**Excerpts from a dataset**

┌──

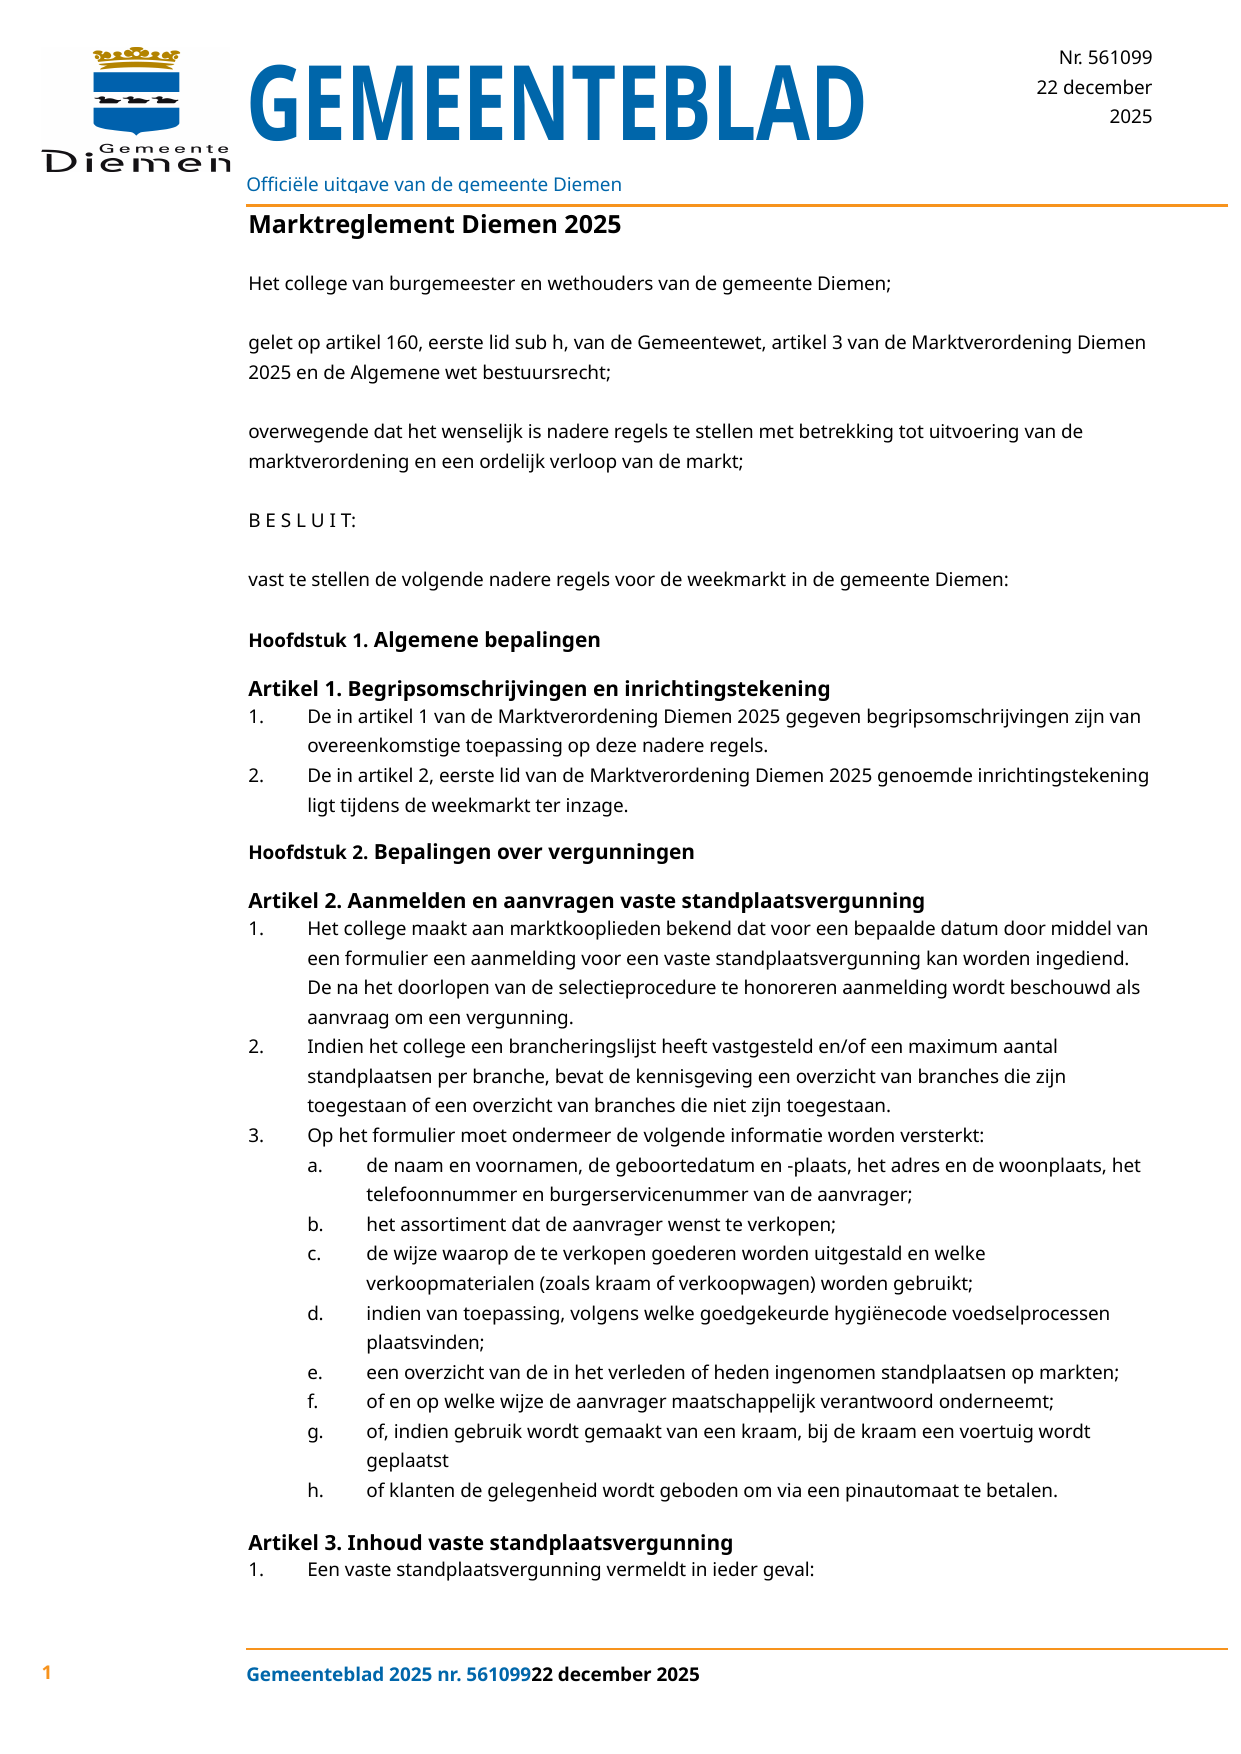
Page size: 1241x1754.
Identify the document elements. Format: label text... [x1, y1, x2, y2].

text Artikel 1. Begripsomschrijvingen en inrichtingstekening [248, 674, 1152, 703]
text Het college van burgemeester en wethouders van de gemeente Diemen; [248, 270, 1152, 296]
text Hoofdstuk 1. Algemene bepalingen [248, 625, 1152, 654]
list indien van toepassing, volgens welke goedgekeurde hygiënecode voedselprocessen plaatsvinden; [307, 1300, 1152, 1355]
text overwegende dat het wenselijk is nadere regels te stellen met betrekking tot uitvoering van de marktverordening en een ordelijk verloop van de markt; [248, 418, 1152, 473]
list Het college maakt aan marktkooplieden bekend dat voor een bepaalde datum door middel van een formulier een aanmelding voor een vaste standplaatsvergunning kan worden ingediend. De na het doorlopen van de selectieprocedure te honoreren aanmelding wordt beschouwd als aanvraag om een vergunning. [248, 915, 1152, 1029]
text gelet op artikel 160, eerste lid sub h, van de Gemeentewet, artikel 3 van de Marktverordening Diemen 2025 en de Algemene wet bestuursrecht; [248, 329, 1152, 385]
text Hoofdstuk 2. Bepalingen over vergunningen [248, 837, 1152, 866]
list of, indien gebruik wordt gemaakt van een kraam, bij de kraam een voertuig wordt geplaatst [307, 1418, 1152, 1473]
list een overzicht van de in het verleden of heden ingenomen standplaatsen op markten; [307, 1359, 1152, 1384]
text Marktreglement Diemen 2025 [248, 207, 1152, 241]
list of klanten de gelegenheid wordt geboden om via een pinautomaat te betalen. [307, 1477, 1152, 1503]
list Indien het college een brancheringslijst heeft vastgesteld en/of een maximum aantal standplaatsen per branche, bevat de kennisgeving een overzicht van branches die zijn toegestaan of een overzicht van branches die niet zijn toegestaan. [248, 1033, 1152, 1118]
picture [41, 47, 231, 172]
list De in artikel 1 van de Marktverordening Diemen 2025 gegeven begripsomschrijvingen zijn van overeenkomstige toepassing op deze nadere regels. [248, 703, 1152, 758]
list Op het formulier moet ondermeer de volgende informatie worden versterkt: [248, 1122, 1152, 1148]
list het assortiment dat de aanvrager wenst te verkopen; [307, 1211, 1152, 1237]
list of en op welke wijze de aanvrager maatschappelijk verantwoord onderneemt; [307, 1388, 1152, 1414]
text Artikel 2. Aanmelden en aanvragen vaste standplaatsvergunning [248, 887, 1152, 915]
list De in artikel 2, eerste lid van de Marktverordening Diemen 2025 genoemde inrichtingstekening ligt tijdens de weekmarkt ter inzage. [248, 762, 1152, 817]
text B E S L U I T: [248, 507, 1152, 533]
text Artikel 3. Inhoud vaste standplaatsvergunning [248, 1528, 1152, 1556]
list de naam en voornamen, de geboortedatum en -plaats, het adres en de woonplaats, het telefoonnummer en burgerservicenummer van de aanvrager; [307, 1152, 1152, 1207]
list de wijze waarop de te verkopen goederen worden uitgestald en welke verkoopmaterialen (zoals kraam of verkoopwagen) worden gebruikt; [307, 1241, 1152, 1296]
text vast te stellen de volgende nadere regels voor de weekmarkt in de gemeente Diemen: [248, 566, 1152, 592]
list Een vaste standplaatsvergunning vermeldt in ieder geval: [248, 1556, 1152, 1582]

└──

**Your instructions**
Above are the entries. Copy exactly the part that opens with the line containing "list de wijze" and closes with the line containing "text vast te", and no more.

**Solved problem**
list de wijze waarop de te verkopen goederen worden uitgestald en welke verkoopmaterialen (zoals kraam of verkoopwagen) worden gebruikt; [307, 1241, 1152, 1296]
text vast te stellen de volgende nadere regels voor de weekmarkt in de gemeente Diemen: [248, 566, 1152, 592]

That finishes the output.